### Problem requirements
Every line that appears in the listing is to be set down verbatim.

◇ ◇ ◇ ◇

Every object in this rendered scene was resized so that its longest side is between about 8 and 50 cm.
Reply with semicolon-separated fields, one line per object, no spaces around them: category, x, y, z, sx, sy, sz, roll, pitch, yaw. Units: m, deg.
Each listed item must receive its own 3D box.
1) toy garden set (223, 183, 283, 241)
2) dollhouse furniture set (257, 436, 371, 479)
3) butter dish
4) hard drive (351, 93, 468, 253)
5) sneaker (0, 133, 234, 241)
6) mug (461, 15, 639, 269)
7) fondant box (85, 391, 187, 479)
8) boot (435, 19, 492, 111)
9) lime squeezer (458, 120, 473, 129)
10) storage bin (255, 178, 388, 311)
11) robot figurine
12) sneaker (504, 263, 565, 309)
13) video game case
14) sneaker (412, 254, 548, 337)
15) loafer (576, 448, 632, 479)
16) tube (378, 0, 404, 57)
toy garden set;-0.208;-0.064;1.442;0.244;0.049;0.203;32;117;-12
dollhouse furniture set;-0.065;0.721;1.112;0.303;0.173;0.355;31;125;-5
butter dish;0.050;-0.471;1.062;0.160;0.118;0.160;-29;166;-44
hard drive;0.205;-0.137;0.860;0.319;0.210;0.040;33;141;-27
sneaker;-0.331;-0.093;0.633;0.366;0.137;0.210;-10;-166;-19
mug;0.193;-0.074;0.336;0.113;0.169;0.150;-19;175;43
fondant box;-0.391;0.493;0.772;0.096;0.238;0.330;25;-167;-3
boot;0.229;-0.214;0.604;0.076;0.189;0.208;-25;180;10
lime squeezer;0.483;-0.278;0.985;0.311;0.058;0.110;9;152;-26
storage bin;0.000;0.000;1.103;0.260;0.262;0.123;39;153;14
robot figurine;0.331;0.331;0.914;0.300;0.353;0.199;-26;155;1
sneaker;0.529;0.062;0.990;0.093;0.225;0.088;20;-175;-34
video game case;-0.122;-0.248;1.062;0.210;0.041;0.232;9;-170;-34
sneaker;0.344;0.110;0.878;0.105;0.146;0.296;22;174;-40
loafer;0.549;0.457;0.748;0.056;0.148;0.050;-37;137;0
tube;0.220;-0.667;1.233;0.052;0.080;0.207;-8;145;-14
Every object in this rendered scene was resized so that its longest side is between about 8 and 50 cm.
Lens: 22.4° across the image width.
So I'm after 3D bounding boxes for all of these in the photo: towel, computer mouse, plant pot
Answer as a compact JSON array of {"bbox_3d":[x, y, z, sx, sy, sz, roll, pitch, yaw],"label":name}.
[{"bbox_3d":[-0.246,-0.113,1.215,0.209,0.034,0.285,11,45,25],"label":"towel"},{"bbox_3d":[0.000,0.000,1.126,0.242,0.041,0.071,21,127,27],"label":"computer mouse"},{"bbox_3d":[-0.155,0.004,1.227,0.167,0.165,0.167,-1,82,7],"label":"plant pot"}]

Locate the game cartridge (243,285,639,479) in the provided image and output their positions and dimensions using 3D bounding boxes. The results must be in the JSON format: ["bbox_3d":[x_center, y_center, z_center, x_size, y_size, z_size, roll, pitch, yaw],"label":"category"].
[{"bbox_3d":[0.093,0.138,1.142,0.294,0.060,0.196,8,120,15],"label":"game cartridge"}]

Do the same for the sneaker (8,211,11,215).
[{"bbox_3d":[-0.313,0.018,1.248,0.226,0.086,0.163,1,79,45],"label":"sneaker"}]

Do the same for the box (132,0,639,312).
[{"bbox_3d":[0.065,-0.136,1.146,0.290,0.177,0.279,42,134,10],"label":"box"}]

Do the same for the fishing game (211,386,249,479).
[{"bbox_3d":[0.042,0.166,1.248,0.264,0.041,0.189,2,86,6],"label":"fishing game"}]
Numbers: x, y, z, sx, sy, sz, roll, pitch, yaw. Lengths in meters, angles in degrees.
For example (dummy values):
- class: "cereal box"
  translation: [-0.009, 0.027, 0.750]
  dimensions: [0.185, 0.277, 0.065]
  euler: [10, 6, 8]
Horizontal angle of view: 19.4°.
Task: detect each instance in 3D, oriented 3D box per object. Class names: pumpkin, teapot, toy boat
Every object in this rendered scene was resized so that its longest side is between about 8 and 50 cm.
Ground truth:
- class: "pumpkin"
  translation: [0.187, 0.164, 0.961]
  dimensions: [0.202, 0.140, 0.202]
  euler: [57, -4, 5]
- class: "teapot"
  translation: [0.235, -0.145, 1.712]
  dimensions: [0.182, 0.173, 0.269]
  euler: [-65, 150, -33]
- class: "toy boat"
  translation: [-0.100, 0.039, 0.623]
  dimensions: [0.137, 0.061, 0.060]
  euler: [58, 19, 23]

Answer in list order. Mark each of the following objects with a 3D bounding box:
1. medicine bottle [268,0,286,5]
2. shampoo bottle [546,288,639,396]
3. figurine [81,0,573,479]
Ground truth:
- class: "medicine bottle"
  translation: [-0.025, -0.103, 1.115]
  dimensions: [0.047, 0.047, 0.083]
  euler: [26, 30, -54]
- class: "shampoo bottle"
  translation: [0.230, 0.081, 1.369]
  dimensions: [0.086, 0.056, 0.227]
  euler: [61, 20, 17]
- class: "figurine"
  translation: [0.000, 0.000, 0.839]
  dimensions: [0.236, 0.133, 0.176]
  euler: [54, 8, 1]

◇ ◇ ◇ ◇

### Reply
Every object in this rendered scene was resized so that its longest side is between about 8 and 50 cm.
Reply with semicolon-separated fields, one line per object, no spaces around them: category, x, y, z, sx, sy, sz, roll, pitch, yaw. Units: m, deg.
Each listed item must receive its own 3D box.
1) toy garden set (223, 183, 283, 241)
2) dollhouse furniture set (257, 436, 371, 479)
3) butter dish
4) hard drive (351, 93, 468, 253)
5) sneaker (0, 133, 234, 241)
6) mug (461, 15, 639, 269)
7) fondant box (85, 391, 187, 479)
8) boot (435, 19, 492, 111)
9) lime squeezer (458, 120, 473, 129)
10) storage bin (255, 178, 388, 311)
11) robot figurine
12) sneaker (504, 263, 565, 309)
13) video game case
14) sneaker (412, 254, 548, 337)
15) loafer (576, 448, 632, 479)
16) tube (378, 0, 404, 57)
toy garden set;-0.208;-0.064;1.442;0.244;0.049;0.203;32;117;-12
dollhouse furniture set;-0.065;0.721;1.112;0.303;0.173;0.355;31;125;-5
butter dish;0.050;-0.471;1.062;0.160;0.118;0.160;-29;166;-44
hard drive;0.205;-0.137;0.860;0.319;0.210;0.040;33;141;-27
sneaker;-0.331;-0.093;0.633;0.366;0.137;0.210;-10;-166;-19
mug;0.193;-0.074;0.336;0.113;0.169;0.150;-19;175;43
fondant box;-0.391;0.493;0.772;0.096;0.238;0.330;25;-167;-3
boot;0.229;-0.214;0.604;0.076;0.189;0.208;-25;180;10
lime squeezer;0.483;-0.278;0.985;0.311;0.058;0.110;9;152;-26
storage bin;0.000;0.000;1.103;0.260;0.262;0.123;39;153;14
robot figurine;0.331;0.331;0.914;0.300;0.353;0.199;-26;155;1
sneaker;0.529;0.062;0.990;0.093;0.225;0.088;20;-175;-34
video game case;-0.122;-0.248;1.062;0.210;0.041;0.232;9;-170;-34
sneaker;0.344;0.110;0.878;0.105;0.146;0.296;22;174;-40
loafer;0.549;0.457;0.748;0.056;0.148;0.050;-37;137;0
tube;0.220;-0.667;1.233;0.052;0.080;0.207;-8;145;-14
Every object in this rendered scene was resized so that its longest side is between about 8 and 50 cm.
Lens: 22.4° across the image width.
So I'm after 3D bounding boxes for all of these in the photo: towel, computer mouse, plant pot
Answer as a compact JSON array of {"bbox_3d":[x, y, z, sx, sy, sz, roll, pitch, yaw],"label":name}.
[{"bbox_3d":[-0.246,-0.113,1.215,0.209,0.034,0.285,11,45,25],"label":"towel"},{"bbox_3d":[0.000,0.000,1.126,0.242,0.041,0.071,21,127,27],"label":"computer mouse"},{"bbox_3d":[-0.155,0.004,1.227,0.167,0.165,0.167,-1,82,7],"label":"plant pot"}]

Locate the game cartridge (243,285,639,479) in the provided image and output their positions and dimensions using 3D bounding boxes. The results must be in the JSON format: ["bbox_3d":[x_center, y_center, z_center, x_size, y_size, z_size, roll, pitch, yaw],"label":"category"].
[{"bbox_3d":[0.093,0.138,1.142,0.294,0.060,0.196,8,120,15],"label":"game cartridge"}]

Do the same for the sneaker (8,211,11,215).
[{"bbox_3d":[-0.313,0.018,1.248,0.226,0.086,0.163,1,79,45],"label":"sneaker"}]

Do the same for the box (132,0,639,312).
[{"bbox_3d":[0.065,-0.136,1.146,0.290,0.177,0.279,42,134,10],"label":"box"}]

Do the same for the fishing game (211,386,249,479).
[{"bbox_3d":[0.042,0.166,1.248,0.264,0.041,0.189,2,86,6],"label":"fishing game"}]
Numbers: x, y, z, sx, sy, sz, roll, pitch, yaw. Lengths in meters, angles in degrees.
For example (dummy values):
- class: "cereal box"
  translation: [-0.009, 0.027, 0.750]
  dimensions: [0.185, 0.277, 0.065]
  euler: [10, 6, 8]
Horizontal angle of view: 19.4°.
Task: detect each instance in 3D, oriented 3D box per object. Class names: pumpkin, teapot, toy boat
Every object in this rendered scene was resized so that its longest side is between about 8 and 50 cm.
Ground truth:
- class: "pumpkin"
  translation: [0.187, 0.164, 0.961]
  dimensions: [0.202, 0.140, 0.202]
  euler: [57, -4, 5]
- class: "teapot"
  translation: [0.235, -0.145, 1.712]
  dimensions: [0.182, 0.173, 0.269]
  euler: [-65, 150, -33]
- class: "toy boat"
  translation: [-0.100, 0.039, 0.623]
  dimensions: [0.137, 0.061, 0.060]
  euler: [58, 19, 23]

Answer in list order. Mark each of the following objects with a 3D bounding box:
1. medicine bottle [268,0,286,5]
2. shampoo bottle [546,288,639,396]
3. figurine [81,0,573,479]
Ground truth:
- class: "medicine bottle"
  translation: [-0.025, -0.103, 1.115]
  dimensions: [0.047, 0.047, 0.083]
  euler: [26, 30, -54]
- class: "shampoo bottle"
  translation: [0.230, 0.081, 1.369]
  dimensions: [0.086, 0.056, 0.227]
  euler: [61, 20, 17]
- class: "figurine"
  translation: [0.000, 0.000, 0.839]
  dimensions: [0.236, 0.133, 0.176]
  euler: [54, 8, 1]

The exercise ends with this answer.